TASK TO CARRY OUT: Without copying the images, write out all the entries below verbatim.

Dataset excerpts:

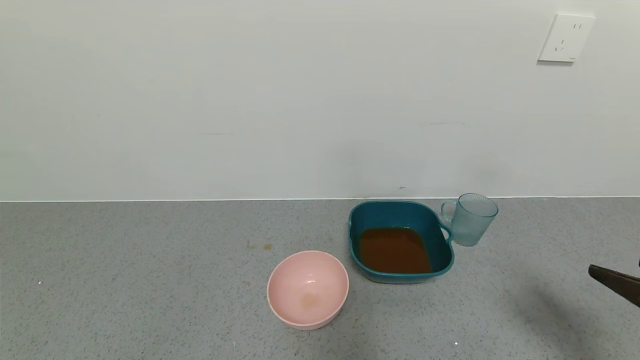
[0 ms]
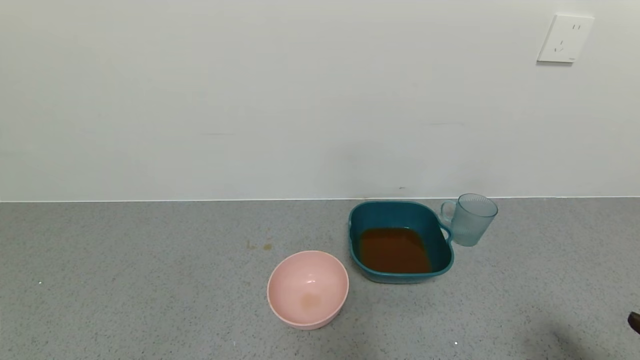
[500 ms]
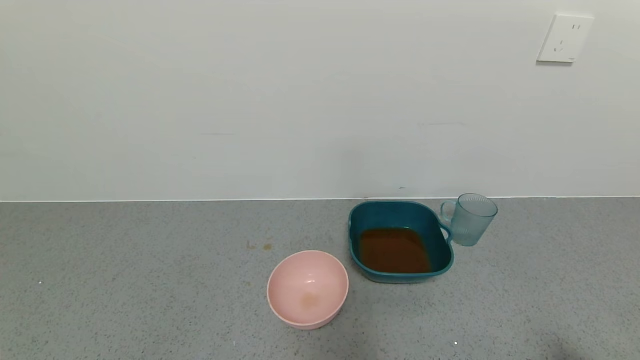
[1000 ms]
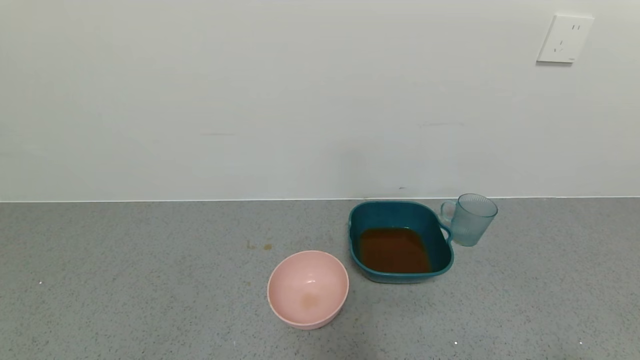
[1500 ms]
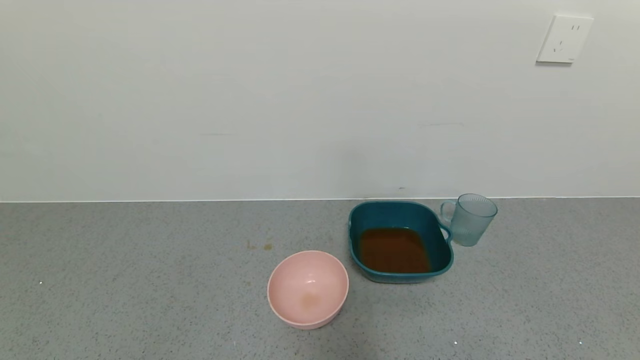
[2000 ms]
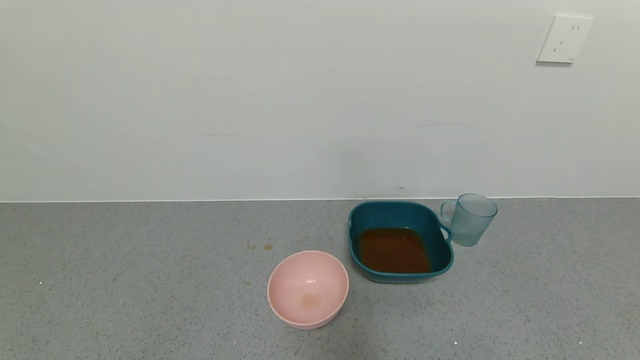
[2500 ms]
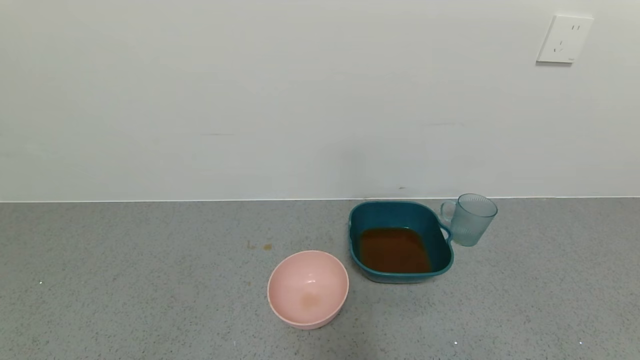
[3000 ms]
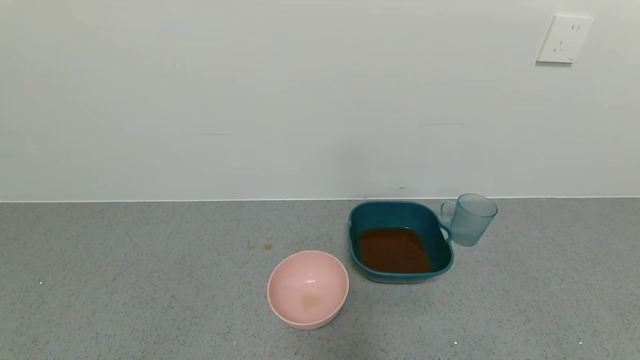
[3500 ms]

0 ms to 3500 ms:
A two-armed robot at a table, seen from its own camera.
Task of the whole recording: use a gripper to pick up the cup and pour the liquid into a bowl or tray.
0 ms to 2000 ms: The right gripper shifts about 20 cm backward and downward.

COMPLETED TASK:
[0 ms]
[500 ms]
[1000 ms]
[1500 ms]
[2000 ms]
[2500 ms]
[3000 ms]
[3500 ms]

0 ms to 3500 ms:
A two-armed robot at a table, seen from its own camera.
Task of the whole recording: use a gripper to pick up the cup and pour the liquid into a bowl or tray.
0 ms to 2000 ms: The right gripper shifts about 20 cm backward and downward.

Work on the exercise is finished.